Расселл: До сих пор она заперта, герметично закрыта у вас в груди?
Пиготт: Нет, потому что она исчезла из моей груди, чем бы она ни была.
Получив этот ответ, Расселл улыбнулся, посмотрел на скамью и сел. По залу пробежал глумливый смех, и послышался гул множества голосов. Люди, стоящие вокруг меня, переглядывались и говорили: «Блестяще!» Судьи поднялись, основная часть толпы растворилась, и ирландец, смешавшийся с толпой, выразил, мне кажется, всеобщие ощущения одним единственным словом – «вдребезги».
Перекрестный допрос Пиготта закончился на следующий день, а еще через день он и вовсе пропал, а потом прислал из Парижа признание своей вины, сознался в лжесвидетельстве и представил детали того, как он подделал так называемое письмо Парнелла, обводя слова и фразы из настоящих писем, написанных Парнеллом, прижав бумагу к окну, и признался, что продал поддельное письмо за 605 фунтов.
После того как его признание было зачитано в суде, комиссия «постановила», что письмо было поддельным, и «Таймс» изъяло копию письма из оборота.
Был выдан ордер на арест Пиготта за лжесвидетельство, но когда полиция настигла его в отеле в Мадриде, он попросил, чтобы ему да-ли немного времени собраться, и, вернувшись в свою комнату, пустил себе пулю в лоб.
III. Перекрестный допрос доктора N в деле Карлайла В. Харриса
Вархивах криминальных судов этой страны есть немного дел, которые возбудили такой же интерес среди всех классов общества, как судебный процесс и признание виновным Карлайла В. Харриса.

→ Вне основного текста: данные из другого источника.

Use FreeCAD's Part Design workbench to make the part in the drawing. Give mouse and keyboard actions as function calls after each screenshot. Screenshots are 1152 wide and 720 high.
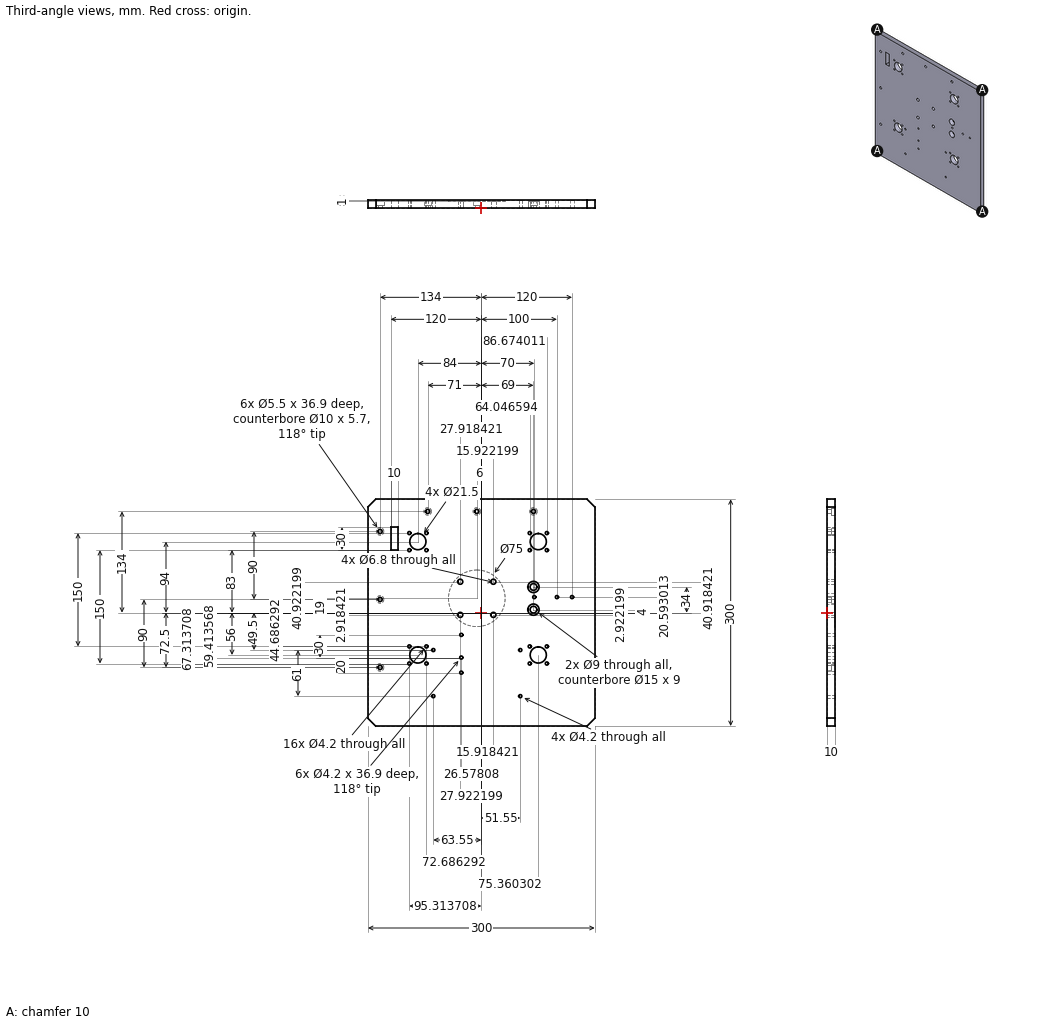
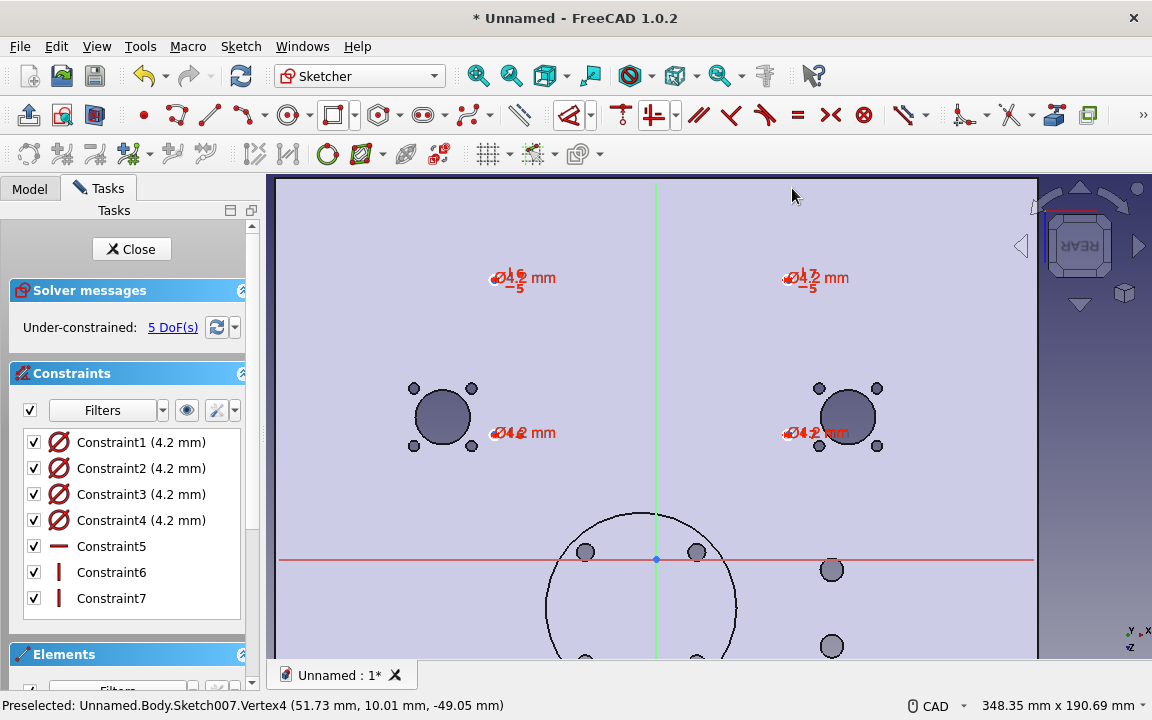
click(495, 435)

Даже сегодня, через десять лет после процесса, среди мужчин и, может быть, еще более среди женщин, которые не присутствовали в зале суда, но наслушались сплетен тех дней и следили за описанием судебного процесса в газетах, ходит мнение, что Харрис был невиновен в преступлении, за которое он отдал жизнь государству.
В этой главе предлагается обсудить некоторые факты, которые привели к даче показаний одним из самых выдающихся токсикологов в стране, которого вызвала защита по поводу главного вопроса в деле, и привести отрывки из его перекрестного допроса, так как его неспособность выдержать допрос стала поворотной точкой всего процесса. Он вернулся домой в Филадельфию, сойдя со свидетельской трибуны, и публично заявил, когда его попросили описать пережитое им в Нью-Йорке, что он «поехал в Нью-Йорк, чтобы стать всеобщим посмешищем и вернуться домой».